__Input records__
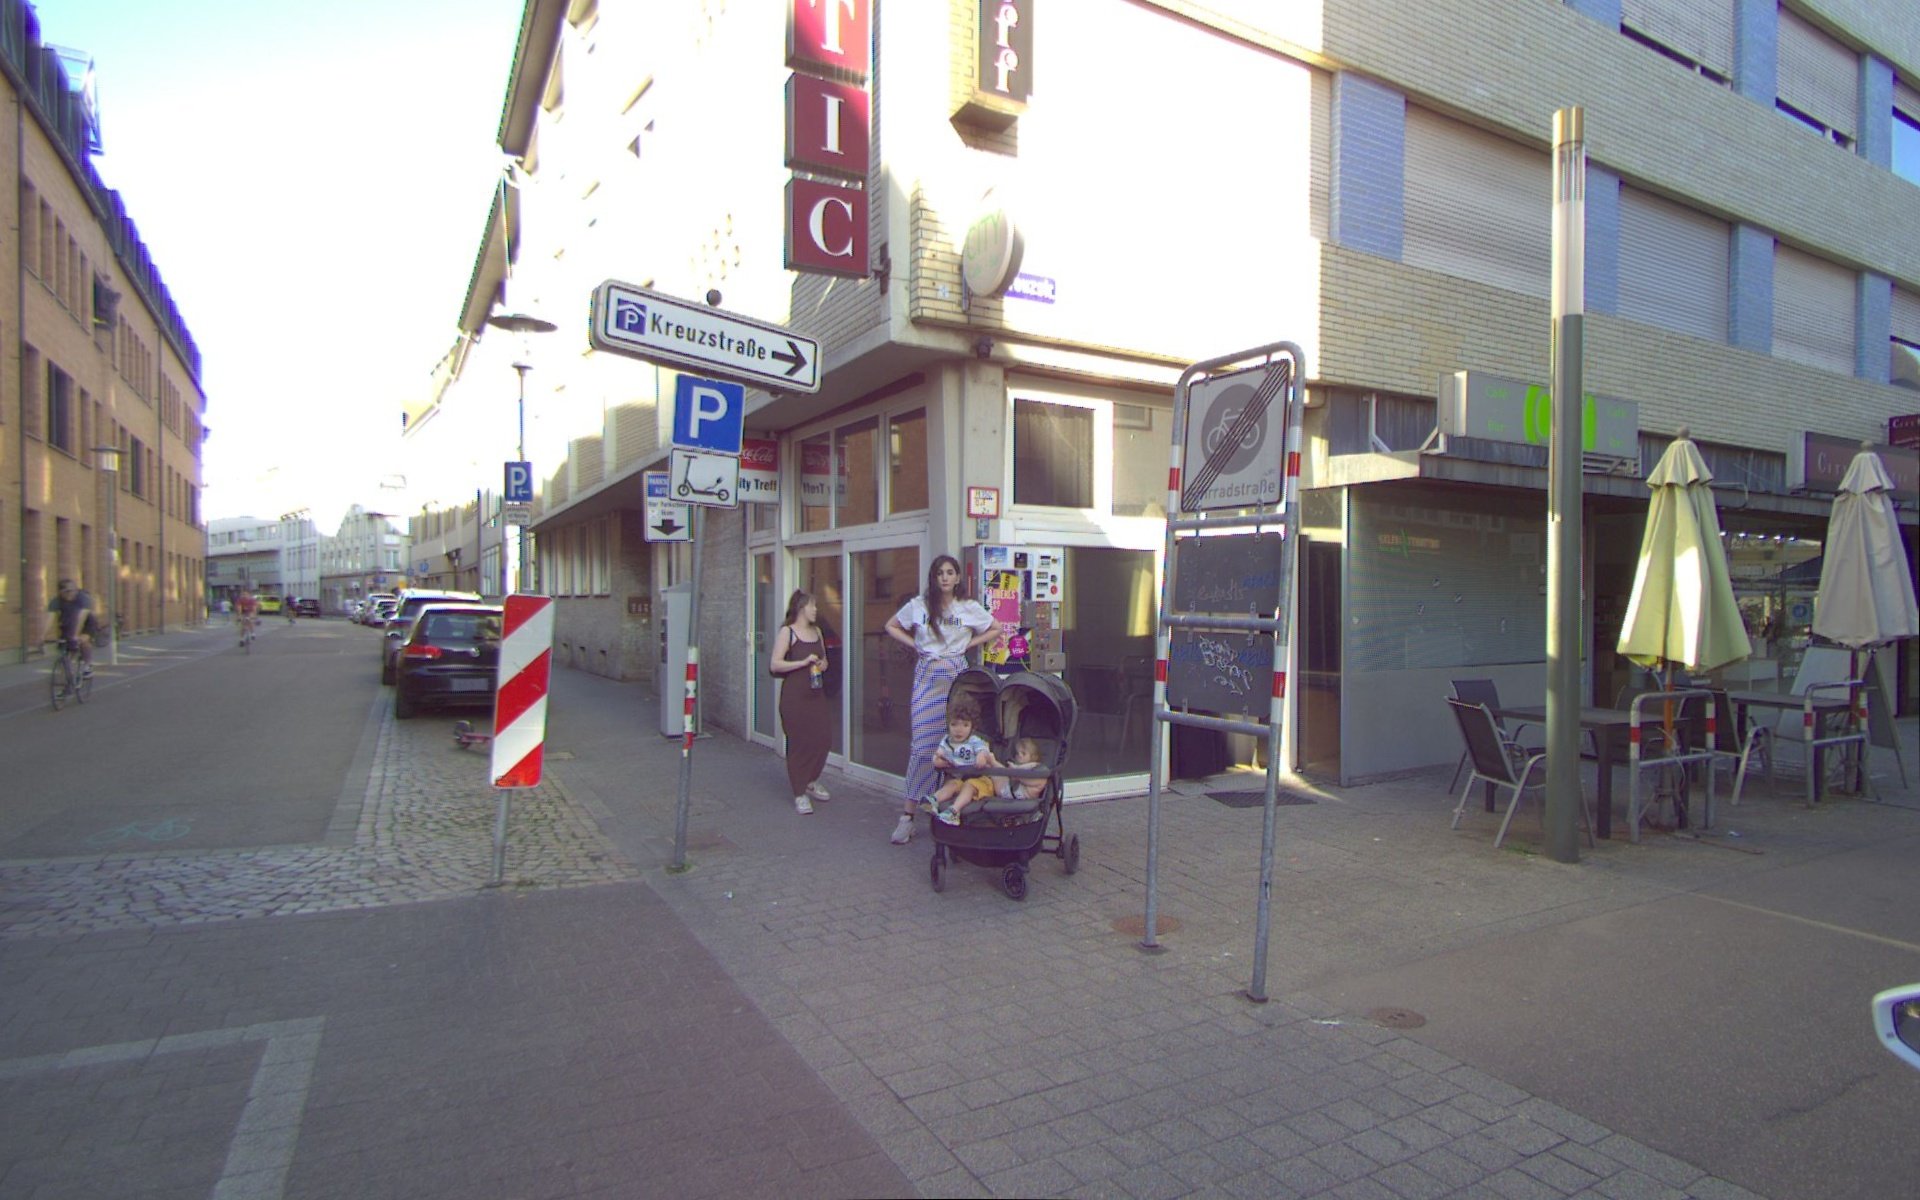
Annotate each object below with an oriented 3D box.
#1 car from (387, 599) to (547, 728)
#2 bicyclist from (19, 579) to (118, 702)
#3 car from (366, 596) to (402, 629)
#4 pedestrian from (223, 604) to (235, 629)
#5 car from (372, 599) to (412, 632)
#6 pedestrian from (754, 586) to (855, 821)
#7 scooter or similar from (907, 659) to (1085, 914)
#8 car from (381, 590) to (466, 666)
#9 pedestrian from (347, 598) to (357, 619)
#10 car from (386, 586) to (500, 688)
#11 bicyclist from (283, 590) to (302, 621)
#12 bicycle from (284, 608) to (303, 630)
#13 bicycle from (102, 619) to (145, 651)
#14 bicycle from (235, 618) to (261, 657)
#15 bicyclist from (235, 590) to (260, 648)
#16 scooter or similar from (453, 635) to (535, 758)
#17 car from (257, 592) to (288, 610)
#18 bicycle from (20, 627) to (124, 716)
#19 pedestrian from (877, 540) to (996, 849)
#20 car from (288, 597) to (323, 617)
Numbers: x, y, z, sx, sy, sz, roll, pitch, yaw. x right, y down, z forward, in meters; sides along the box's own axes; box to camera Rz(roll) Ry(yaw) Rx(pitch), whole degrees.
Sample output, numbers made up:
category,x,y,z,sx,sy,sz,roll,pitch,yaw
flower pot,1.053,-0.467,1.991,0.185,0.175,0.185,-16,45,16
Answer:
category,x,y,z,sx,sy,sz,roll,pitch,yaw
car,-6.986,0.793,14.084,1.720,1.505,3.781,3,-1,-29
bicyclist,-12.055,0.520,13.618,0.641,1.579,1.102,-3,2,-25
car,-33.564,0.716,58.455,1.675,1.798,3.624,3,-1,-31
pedestrian,-45.881,1.028,63.038,0.537,1.565,0.402,1,0,-31
car,-30.347,0.814,53.645,1.675,1.701,3.478,3,-1,-31
pedestrian,-1.128,0.714,7.263,0.527,1.601,0.507,-3,1,-28
scooter or similar,0.228,0.936,5.417,0.783,1.159,0.954,0,1,13
car,-13.369,0.667,24.989,1.654,1.727,3.981,3,-1,-29
pedestrian,-43.353,0.581,71.582,0.566,1.499,0.469,0,0,-37
car,-9.702,0.661,18.750,1.654,1.683,4.049,3,-1,-29
bicyclist,-36.664,0.294,55.181,0.764,1.678,0.949,-3,1,-30
bicycle,-36.634,1.027,55.213,0.697,1.118,1.813,-4,2,-30
bicycle,-25.336,1.044,30.450,0.636,0.893,2.534,1,-1,-32
bicycle,-18.851,0.977,26.606,0.431,0.970,1.578,0,0,-30
bicyclist,-18.834,0.493,26.547,0.423,1.518,0.868,-2,1,-31
scooter or similar,-4.713,0.961,10.144,0.865,1.199,0.208,0,0,21
car,-67.470,0.117,98.520,1.922,1.673,3.788,2,-1,-43
bicycle,-12.056,0.937,13.690,0.566,1.065,1.824,-2,1,-26
pedestrian,-0.139,0.568,6.338,0.647,1.844,0.571,-2,1,0
car,-56.403,0.616,86.600,1.922,1.673,3.788,0,0,-43

__Activity__
In the listing above, start at the line with "#9 pedestrian from (347, 598) to (357, 619)", go on through the line with "#17 car from (257, 592) to (288, 610)", and copy each of those lines exactly; leave out all the rest.

__Solution to this task__
#9 pedestrian from (347, 598) to (357, 619)
#10 car from (386, 586) to (500, 688)
#11 bicyclist from (283, 590) to (302, 621)
#12 bicycle from (284, 608) to (303, 630)
#13 bicycle from (102, 619) to (145, 651)
#14 bicycle from (235, 618) to (261, 657)
#15 bicyclist from (235, 590) to (260, 648)
#16 scooter or similar from (453, 635) to (535, 758)
#17 car from (257, 592) to (288, 610)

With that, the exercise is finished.